4. Após a “Semana Trágica”: a “anarquia de baixo” e a “anarquia de cima”

4.2 O que todos querem e ninguém quer: o projeto de legislação trabalhista de 1919 e a

Diversos eram os problemas que enfrentavam as organizações dos trabalhadores, as associações empresariais e também os políticos após a “Semana Trágica”. A FORA IXª, depois de esplendorosos anos de crescimento, sofria o questionamento por parte de alguns de seus militantes, principalmente na Capital Federal, devido à sua postura durante a greve geral; o PS comemorava, mesmo que com um tom de frustração, o que considerava uma vitória eleitoral sem esboçar a menor percepção sobre quais eram os verdadeiros problemas relativos ao seu insucesso eleitoral. Ao acusar o déficit de consciência, não se dava conta do déficit numérico de classe? Yrigoyen observava o esfacelamento de sua base de apoio político: ao mesmo tempo em que havia promovido o maior massacre da história da classe operária argentina e perdido o relativo apoio que havia angariado desta, não havia com isso caído nas graças dos conservadores.

Já o empresariado confirmava sua suspeita na incapacidade do Estado em lidar com a chamada “questão social” sob a direção Radical e aumentava sua atividade por meio da ANT, agora acompanhada pela Liga Patriótica Argentina (LPA). Por outro lado, a presidência Radical, resultado da extensão do sufrágio universal, também desvelava as dificuldades que os empresários tinham depois da “Lei Saenz Peña” em verem contemplados seus interesses pelo Estado argentino. A nova realidade política os havia afastado – ou pelo menos dificultado seu acesso – às esferas de decisão política mais imediatas. A crise econômica provocada pela guerra, aliada à ascensão do movimento operário, complementavam uma situação em que os grandes empresários eram empurrados cada vez mais a repensar suas atitudes em relação à política.
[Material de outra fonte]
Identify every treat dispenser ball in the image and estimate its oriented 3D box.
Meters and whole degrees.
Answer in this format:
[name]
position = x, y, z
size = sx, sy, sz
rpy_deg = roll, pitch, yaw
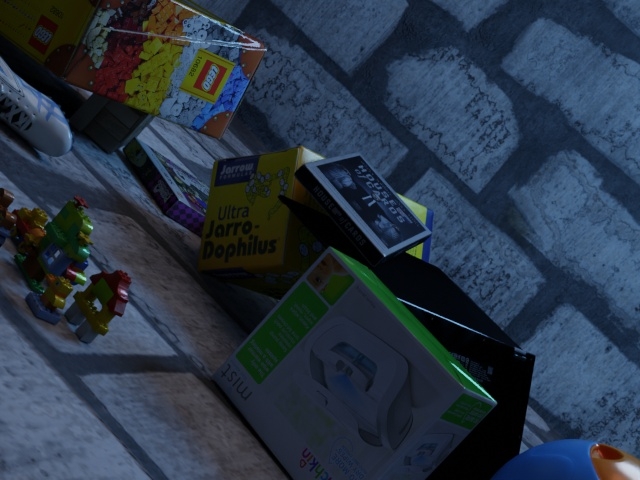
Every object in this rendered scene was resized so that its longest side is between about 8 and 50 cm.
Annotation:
[treat dispenser ball]
position = 0.335, 0.403, 1.609
size = 0.288, 0.288, 0.288
rpy_deg = 42, 8, -7

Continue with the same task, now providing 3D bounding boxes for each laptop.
[laptop]
position = 0.107, 0.175, 1.824
size = 0.382, 0.407, 0.236
rpy_deg = 23, -18, -40

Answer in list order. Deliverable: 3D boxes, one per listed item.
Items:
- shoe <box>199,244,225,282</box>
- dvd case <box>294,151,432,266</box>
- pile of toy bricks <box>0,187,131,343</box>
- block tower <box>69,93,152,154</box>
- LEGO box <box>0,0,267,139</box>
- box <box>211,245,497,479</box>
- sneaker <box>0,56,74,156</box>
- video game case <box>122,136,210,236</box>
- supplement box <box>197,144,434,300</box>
[shoe]
position = -0.152, -0.001, 2.098
size = 0.076, 0.058, 0.219
rpy_deg = 40, 22, -14
[dvd case]
position = 0.068, -0.052, 1.851
size = 0.179, 0.029, 0.239
rpy_deg = 49, 22, 8
[pile of toy bricks]
position = -0.287, 0.000, 1.351
size = 0.118, 0.105, 0.212
rpy_deg = 34, 12, -50
[block tower]
position = -0.370, -0.235, 2.292
size = 0.097, 0.091, 0.335
rpy_deg = 42, 8, -5
[LEGO box]
position = -0.401, -0.404, 2.169
size = 0.500, 0.193, 0.372
rpy_deg = 36, 12, 38
[box]
position = 0.038, 0.184, 1.523
size = 0.262, 0.231, 0.127
rpy_deg = 48, 9, 30
[sneaker]
position = -0.455, -0.204, 1.776
size = 0.237, 0.085, 0.086
rpy_deg = 45, 33, -8
[video game case]
position = -0.237, -0.073, 2.256
size = 0.232, 0.042, 0.210
rpy_deg = 35, 12, -47
[supplement box]
position = 0.000, 0.000, 2.041
size = 0.194, 0.195, 0.356
rpy_deg = -6, -20, 42

O surgimento de outra organização patronal, a Confederación Argentina del Comercio, de la Industria y de la Producción em 1917, concorreu nesse sentido ao tentar articular os interesses dos grandes comerciantes, agroexportadores, empresas estrangeiras e industriais argentinos para uma ação conjunta.
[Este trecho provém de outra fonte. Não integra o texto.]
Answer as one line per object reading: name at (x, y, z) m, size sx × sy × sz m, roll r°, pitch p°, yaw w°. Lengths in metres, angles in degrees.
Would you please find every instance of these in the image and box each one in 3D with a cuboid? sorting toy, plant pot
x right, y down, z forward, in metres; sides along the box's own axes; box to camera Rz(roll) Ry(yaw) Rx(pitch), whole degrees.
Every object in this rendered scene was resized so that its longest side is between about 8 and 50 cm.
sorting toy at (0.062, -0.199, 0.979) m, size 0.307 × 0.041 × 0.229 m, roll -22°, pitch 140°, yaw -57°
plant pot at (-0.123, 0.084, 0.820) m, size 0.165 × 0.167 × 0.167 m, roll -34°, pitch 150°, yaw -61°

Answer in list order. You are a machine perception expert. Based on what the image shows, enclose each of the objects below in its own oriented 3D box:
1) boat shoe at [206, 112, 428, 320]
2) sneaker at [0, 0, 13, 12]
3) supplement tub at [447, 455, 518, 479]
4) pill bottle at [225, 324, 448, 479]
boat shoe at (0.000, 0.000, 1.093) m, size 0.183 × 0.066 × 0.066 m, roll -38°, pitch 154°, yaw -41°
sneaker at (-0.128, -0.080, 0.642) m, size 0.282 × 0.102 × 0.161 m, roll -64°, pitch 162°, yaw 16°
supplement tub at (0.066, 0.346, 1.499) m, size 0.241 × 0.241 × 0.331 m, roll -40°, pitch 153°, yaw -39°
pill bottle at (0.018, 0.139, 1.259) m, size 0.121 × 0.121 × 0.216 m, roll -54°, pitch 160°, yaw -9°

Como abordamos no segundo capítulo, os eventos da “Semana Trágica” tinham colocado as discussões sobre a legislação do trabalho como pauta para as classes dominantes argentinas. A formação de uma comissão para a formulação de um projeto de lei na Câmara de Deputados já no dia 14 de janeiro disparou um alerta na Casa Rosada: Yrigoyen estava atrasado em relação aos seus adversários. Com conservadores e Socialistas trabalhando para a formulação de uma legislação trabalhista, as ações e estratégias ad hoc do governo de aproximação à classe operária deveriam ser repensadas. Como poderia surgir de outras forças políticas, principalmente opositoras, soluções que pudessem “harmonizar” os conflitos sociais, dádiva que o presidente acreditava ser uma exclusividade sua e de seu partido? Devemos somar outra vantagem que impulsionava o primeiro mandatário: caso conseguisse aprovar uma legislação que abarcasse algumas das reivindicações dos operários, é provável que Yrigoyen consolidasse de maneira definitiva sua aproximação à classe operária.
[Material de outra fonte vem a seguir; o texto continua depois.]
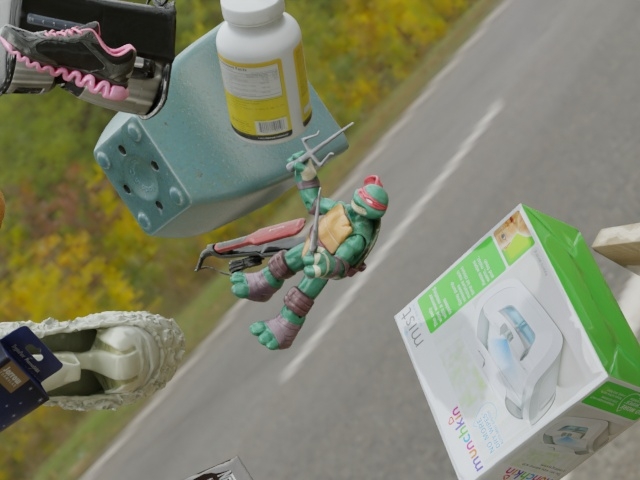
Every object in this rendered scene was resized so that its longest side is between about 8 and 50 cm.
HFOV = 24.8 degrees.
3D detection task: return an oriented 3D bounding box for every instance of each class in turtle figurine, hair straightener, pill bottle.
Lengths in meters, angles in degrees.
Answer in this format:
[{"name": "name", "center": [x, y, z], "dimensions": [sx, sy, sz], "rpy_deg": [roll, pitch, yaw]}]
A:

O período legislativo de 1919 se iniciou no dia 16 de Maio com duas novidades. Em primeiro lugar, Hipólito Yrigoyen não compareceu à sessão de abertura quando tradicionalmente o primeiro mandatário lia uma mensagem do Poder Executivo direcionada aos legisladores. A leitura da mensagem ficaria a cargo do Senador Ocampo que, devido à intervenção dos deputados da oposição, não a leu, distribuindo-se sua versão impressa entre os congressistas. A segunda novidade era a intenção da presidência de enviar ao Congresso uma série de projetos de lei relativos aos conflitos entre o capital e o trabalho. Constavam no pacote do Poder Executivo um projeto de arbitragem obrigatória e um referente aos contratos coletivos que deveriam se somar aos elaborados pela Comissão de Legislação Social da Câmara de Deputados331. A princípio, ao se limitar a esses dois aspectos do conflito, Yrigoyen ainda se via livre de ter de lidar com a questão mais sensível de uma legislação trabalhista, tanto para os trabalhadores quanto para os empresários: a regulamentação das associações profissionais.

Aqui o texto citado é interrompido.